# Saying hello - Gaggia Classic Owner



## J-B (Dec 18, 2015)

Just joined to say hello.

I have a Gaggia Classic that I have started modifying - steam wand, pressure etc. Next on the list is the PID thermostat mod!


----------



## GCGlasgow (Jul 27, 2014)

Welcome J-B, Classic is a good machine to get you up and running and also to modify, a member on her Mr Shades sells PID kits which make a considerable difference.


----------



## timmyjj21 (May 10, 2015)

Welcome! This forum helped me add a PID and shot timer to my Classic, then on to an IMS screen and brass dispersion plate.

I just installed a preheater box onto the flat of the surface of the boiler, and am working on volumetric dosing too!

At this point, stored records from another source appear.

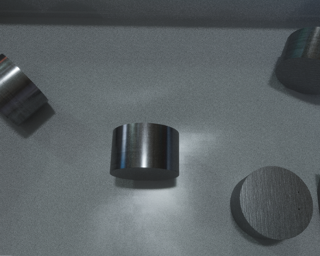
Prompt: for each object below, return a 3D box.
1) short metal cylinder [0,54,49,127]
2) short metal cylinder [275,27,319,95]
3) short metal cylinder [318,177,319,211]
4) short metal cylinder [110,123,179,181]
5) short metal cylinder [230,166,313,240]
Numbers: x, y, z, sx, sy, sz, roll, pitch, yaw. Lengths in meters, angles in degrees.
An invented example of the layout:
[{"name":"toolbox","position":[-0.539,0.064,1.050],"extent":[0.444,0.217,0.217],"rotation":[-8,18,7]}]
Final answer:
[{"name":"short metal cylinder","position":[-0.191,-0.047,0.395],"extent":[0.080,0.080,0.050],"rotation":[41,75,13]},{"name":"short metal cylinder","position":[0.203,-0.088,0.415],"extent":[0.080,0.080,0.050],"rotation":[23,72,8]},{"name":"short metal cylinder","position":[0.225,0.080,0.354],"extent":[0.050,0.080,0.080],"rotation":[3,70,1]},{"name":"short metal cylinder","position":[-0.017,0.031,0.369],"extent":[0.081,0.080,0.050],"rotation":[1,70,0]},{"name":"short metal cylinder","position":[0.129,0.089,0.365],"extent":[0.081,0.050,0.080],"rotation":[0,70,0]}]
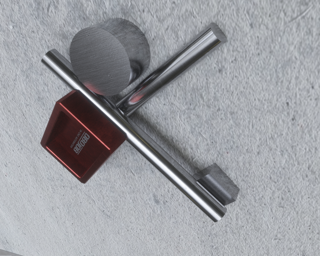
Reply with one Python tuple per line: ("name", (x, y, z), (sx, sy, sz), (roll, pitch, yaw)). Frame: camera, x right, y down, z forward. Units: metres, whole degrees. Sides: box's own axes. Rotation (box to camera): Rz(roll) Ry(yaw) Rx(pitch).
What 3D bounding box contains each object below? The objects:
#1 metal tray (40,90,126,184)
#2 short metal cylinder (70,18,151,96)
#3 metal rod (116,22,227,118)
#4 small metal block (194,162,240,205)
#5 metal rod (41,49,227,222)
("metal tray", (-0.110, 0.018, 0.422), (0.090, 0.030, 0.129), (43, 141, -2))
("short metal cylinder", (-0.058, -0.085, 0.368), (0.080, 0.050, 0.079), (13, 124, 20))
("metal rod", (-0.039, -0.033, 0.407), (0.299, 0.025, 0.025), (-33, 100, 38))
("small metal block", (0.070, 0.082, 0.420), (0.050, 0.025, 0.050), (47, 129, -6))
("metal rod", (-0.031, 0.011, 0.398), (0.300, 0.025, 0.025), (43, 129, -2))
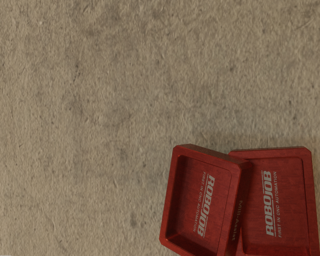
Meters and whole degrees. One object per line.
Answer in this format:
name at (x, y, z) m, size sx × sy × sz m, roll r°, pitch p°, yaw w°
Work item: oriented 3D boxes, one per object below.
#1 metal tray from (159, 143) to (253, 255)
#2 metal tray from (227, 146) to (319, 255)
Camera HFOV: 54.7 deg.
metal tray at (0.050, 0.092, 0.366) m, size 0.090 × 0.030 × 0.129 m, roll 15°, pitch 101°, yaw 38°
metal tray at (0.130, 0.088, 0.360) m, size 0.090 × 0.030 × 0.129 m, roll -5°, pitch 88°, yaw 19°
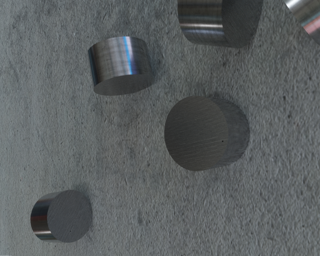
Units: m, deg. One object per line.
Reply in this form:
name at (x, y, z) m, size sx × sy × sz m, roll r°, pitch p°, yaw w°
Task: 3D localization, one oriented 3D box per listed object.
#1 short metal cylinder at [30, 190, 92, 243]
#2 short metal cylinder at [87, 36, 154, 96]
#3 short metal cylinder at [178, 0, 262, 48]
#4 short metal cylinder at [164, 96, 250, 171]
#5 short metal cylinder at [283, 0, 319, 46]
short metal cylinder at (-0.158, 0.143, 0.500) m, size 0.050 × 0.081 × 0.080 m, roll -17°, pitch 79°, yaw 39°
short metal cylinder at (-0.052, -0.080, 0.412) m, size 0.080 × 0.081 × 0.050 m, roll -19°, pitch 78°, yaw 38°
short metal cylinder at (0.063, -0.125, 0.317) m, size 0.050 × 0.081 × 0.079 m, roll 18°, pitch 102°, yaw 38°
short metal cylinder at (0.052, 0.006, 0.346) m, size 0.080 × 0.050 × 0.080 m, roll 0°, pitch 90°, yaw 40°
short metal cylinder at (0.135, -0.116, 0.257) m, size 0.050 × 0.081 × 0.080 m, roll -35°, pitch 68°, yaw 34°
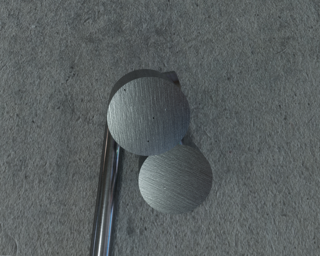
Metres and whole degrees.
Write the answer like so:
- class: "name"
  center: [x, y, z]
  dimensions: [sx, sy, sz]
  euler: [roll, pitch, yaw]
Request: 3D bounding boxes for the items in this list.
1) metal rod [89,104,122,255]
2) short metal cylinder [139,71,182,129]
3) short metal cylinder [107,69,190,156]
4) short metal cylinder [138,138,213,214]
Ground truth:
- class: "metal rod"
  center: [-0.065, 0.104, 0.369]
  dimensions: [0.025, 0.025, 0.299]
  euler: [3, 70, 1]
- class: "short metal cylinder"
  center: [0.000, -0.028, 0.389]
  dimensions: [0.050, 0.080, 0.080]
  euler: [-11, 71, -4]
- class: "short metal cylinder"
  center: [-0.013, -0.018, 0.321]
  dimensions: [0.081, 0.050, 0.079]
  euler: [-3, 109, -7]
- class: "short metal cylinder"
  center: [0.015, 0.051, 0.358]
  dimensions: [0.081, 0.050, 0.079]
  euler: [-1, 101, -4]
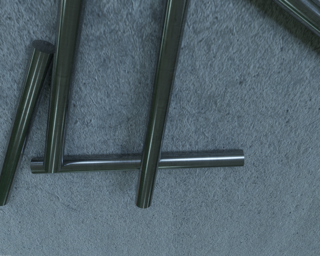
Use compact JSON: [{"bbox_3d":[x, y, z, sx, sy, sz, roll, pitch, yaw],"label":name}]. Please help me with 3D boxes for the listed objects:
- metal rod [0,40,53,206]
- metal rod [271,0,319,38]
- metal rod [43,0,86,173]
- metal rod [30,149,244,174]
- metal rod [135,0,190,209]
[{"bbox_3d":[-0.191,0.014,0.417,0.025,0.025,0.298,21,127,-17],"label":"metal rod"},{"bbox_3d":[0.160,-0.111,0.314,0.302,0.025,0.025,26,125,-21],"label":"metal rod"},{"bbox_3d":[-0.106,-0.061,0.343,0.025,0.025,0.298,13,126,-11],"label":"metal rod"},{"bbox_3d":[-0.033,0.049,0.448,0.302,0.025,0.025,-2,130,1],"label":"metal rod"},{"bbox_3d":[-0.003,-0.013,0.375,0.025,0.025,0.298,6,124,-6],"label":"metal rod"}]
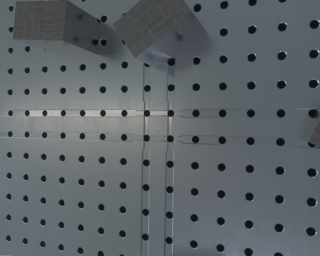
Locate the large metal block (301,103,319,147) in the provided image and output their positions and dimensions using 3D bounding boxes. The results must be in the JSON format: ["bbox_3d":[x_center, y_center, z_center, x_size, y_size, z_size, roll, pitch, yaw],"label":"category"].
[{"bbox_3d":[0.197,0.008,0.314,0.080,0.080,0.050,27,99,18],"label":"large metal block"}]

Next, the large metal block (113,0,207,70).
[{"bbox_3d":[0.003,-0.122,0.383,0.080,0.080,0.050,-36,79,16],"label":"large metal block"}]

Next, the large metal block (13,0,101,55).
[{"bbox_3d":[-0.141,-0.138,0.434,0.080,0.080,0.050,7,93,20],"label":"large metal block"}]
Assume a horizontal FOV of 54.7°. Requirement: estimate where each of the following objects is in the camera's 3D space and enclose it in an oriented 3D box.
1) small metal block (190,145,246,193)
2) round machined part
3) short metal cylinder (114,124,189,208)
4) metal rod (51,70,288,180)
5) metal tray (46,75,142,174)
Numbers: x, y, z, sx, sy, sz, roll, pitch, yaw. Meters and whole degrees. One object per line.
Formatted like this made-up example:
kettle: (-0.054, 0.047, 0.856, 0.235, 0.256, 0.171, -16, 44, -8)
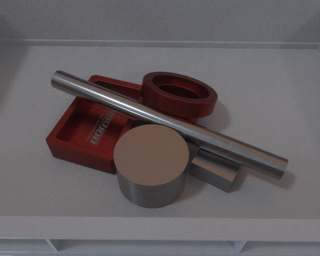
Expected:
small metal block: (0.070, 0.041, 0.369, 0.050, 0.025, 0.050, 25, 54, 19)
round machined part: (0.022, -0.036, 0.406, 0.099, 0.042, 0.098, 12, 27, -6)
short metal cylinder: (-0.009, 0.042, 0.350, 0.081, 0.050, 0.080, 0, 50, 0)
metal rod: (-0.001, -0.010, 0.373, 0.301, 0.025, 0.025, 22, 53, 14)
metal tray: (-0.074, -0.011, 0.406, 0.090, 0.030, 0.130, 14, 51, 11)
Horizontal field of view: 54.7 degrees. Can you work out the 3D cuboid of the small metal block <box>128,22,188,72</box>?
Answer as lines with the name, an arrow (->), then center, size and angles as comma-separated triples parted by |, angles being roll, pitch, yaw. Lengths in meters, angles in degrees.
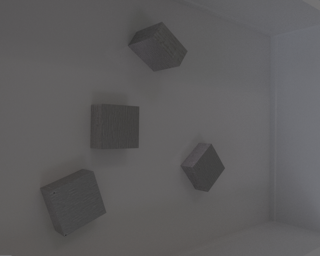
small metal block -> -0.003, -0.099, 0.387 | 0.050, 0.050, 0.025 | 41, 65, -33

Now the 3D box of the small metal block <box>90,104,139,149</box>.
small metal block -> -0.052, -0.001, 0.363 | 0.050, 0.025, 0.050 | 1, 89, -40

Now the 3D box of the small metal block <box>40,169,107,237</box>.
small metal block -> -0.091, 0.078, 0.330 | 0.050, 0.025, 0.050 | -24, 105, -38

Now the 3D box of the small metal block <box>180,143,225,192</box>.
small metal block -> 0.065, 0.058, 0.461 | 0.050, 0.025, 0.050 | -47, 118, -30
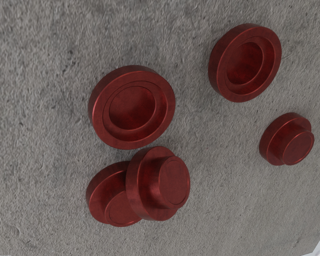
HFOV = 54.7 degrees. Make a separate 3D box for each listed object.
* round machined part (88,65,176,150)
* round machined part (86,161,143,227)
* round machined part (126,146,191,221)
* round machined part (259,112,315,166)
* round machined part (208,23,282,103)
[{"bbox_3d":[-0.035,-0.027,0.360,0.099,0.042,0.097,-14,124,-21],"label":"round machined part"},{"bbox_3d":[-0.049,0.098,0.429,0.099,0.042,0.097,-14,124,-21],"label":"round machined part"},{"bbox_3d":[0.004,0.072,0.407,0.099,0.042,0.098,16,69,-49],"label":"round machined part"},{"bbox_3d":[0.224,0.026,0.534,0.099,0.042,0.097,-14,124,-21],"label":"round machined part"},{"bbox_3d":[0.103,-0.085,0.399,0.099,0.042,0.097,-14,124,-21],"label":"round machined part"}]
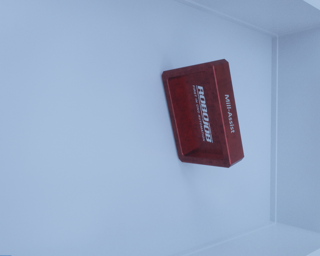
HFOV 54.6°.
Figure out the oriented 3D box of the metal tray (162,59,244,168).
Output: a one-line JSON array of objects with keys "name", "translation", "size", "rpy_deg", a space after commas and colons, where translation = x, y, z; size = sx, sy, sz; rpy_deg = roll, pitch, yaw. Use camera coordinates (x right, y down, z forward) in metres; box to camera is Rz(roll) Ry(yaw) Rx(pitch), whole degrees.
[{"name": "metal tray", "translation": [0.054, -0.017, 0.405], "size": [0.030, 0.090, 0.129], "rpy_deg": [-21, 104, -39]}]
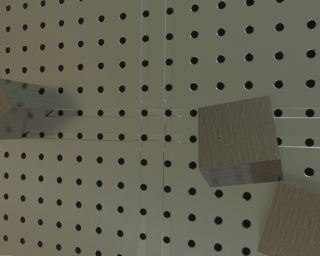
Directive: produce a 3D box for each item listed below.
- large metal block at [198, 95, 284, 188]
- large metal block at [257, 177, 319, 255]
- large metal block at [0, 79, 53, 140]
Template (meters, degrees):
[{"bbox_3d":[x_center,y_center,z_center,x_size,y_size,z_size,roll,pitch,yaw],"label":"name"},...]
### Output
[{"bbox_3d":[0.089,0.016,0.349,0.080,0.050,0.080,-9,53,19],"label":"large metal block"},{"bbox_3d":[0.161,0.106,0.343,0.080,0.050,0.079,17,96,18],"label":"large metal block"},{"bbox_3d":[-0.226,-0.025,0.461,0.080,0.080,0.050,-37,78,16],"label":"large metal block"}]

There is plenty of fun to be had with a Classic.


----------



## J-B (Dec 18, 2015)

GCGlasgow said:


> Welcome J-B, Classic is a good machine to get you up and running and also to modify, a member on her Mr Shades sells PID kits which make a considerable difference.


Thanks, had seen them already, but will possibly just buy the case and put my own kit together.


----------



## J-B (Dec 18, 2015)

timmyjj21 said:


> Welcome! This forum helped me add a PID and shot timer to my Classic, then on to an IMS screen and brass dispersion plate.
> 
> I just installed a preheater box onto the flat of the surface of the boiler, and am working on volumetric dosing too!
> 
> There is plenty of fun to be had with a Classic.


I was planning on similar in due course!


----------